INFORMATION SHOWN Block Start
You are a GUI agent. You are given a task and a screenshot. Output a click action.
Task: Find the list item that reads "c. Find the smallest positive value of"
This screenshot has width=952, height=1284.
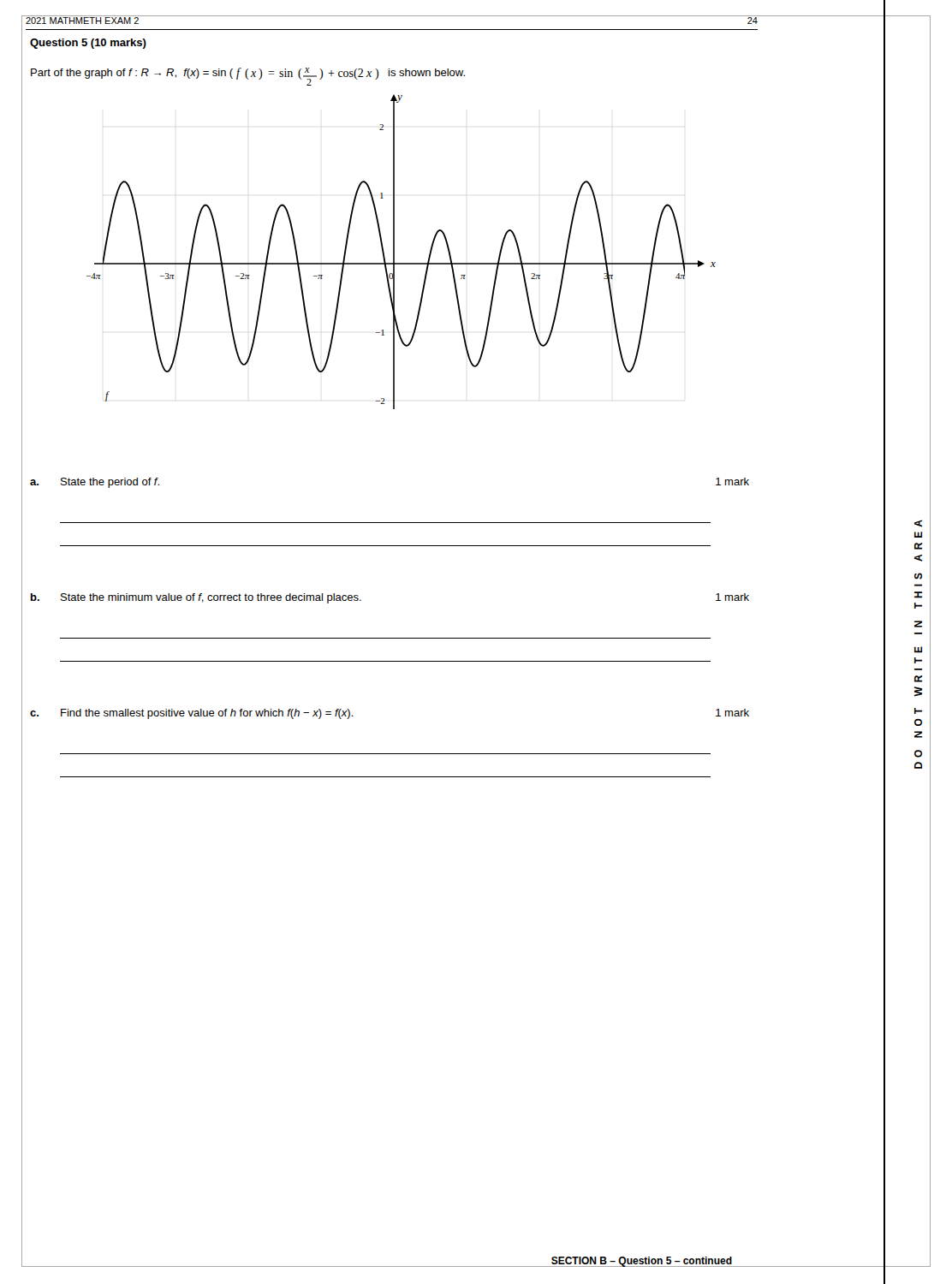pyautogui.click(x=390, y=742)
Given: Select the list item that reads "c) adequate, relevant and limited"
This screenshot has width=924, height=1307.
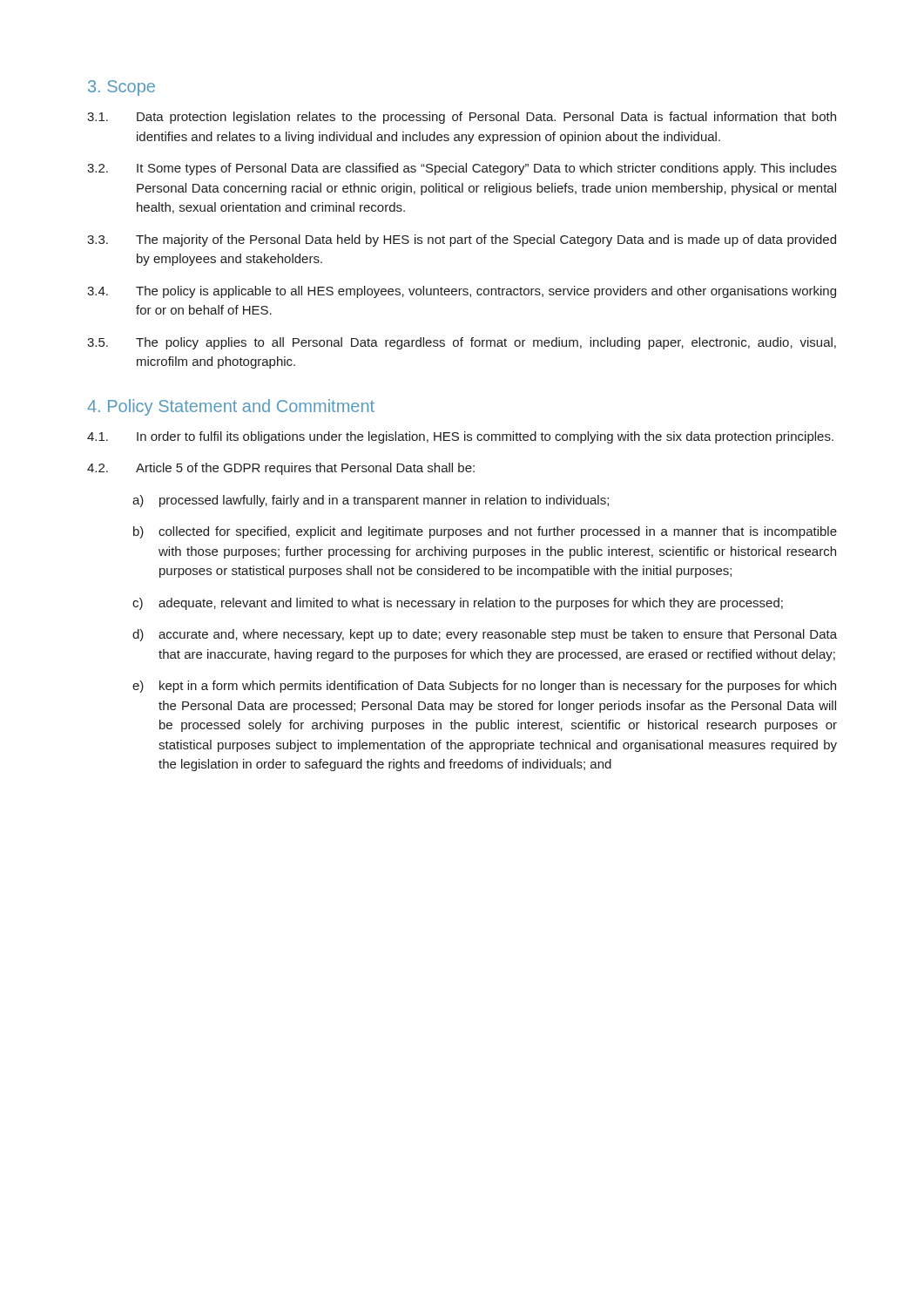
INFORMATION SHOWN Block End
*WORK INSTRUCTION*
A faithful copy of each entry is required, and no picture may be carried into it.

*TASK RESULT*
You are a GUI agent. You are given a task and a screenshot. Output a click action.
Task: Find the list item that reads "c. Find the smallest positive value of"
This screenshot has width=952, height=1284.
pyautogui.click(x=390, y=742)
Given: Select the list item that reads "c) adequate, relevant and limited"
This screenshot has width=924, height=1307.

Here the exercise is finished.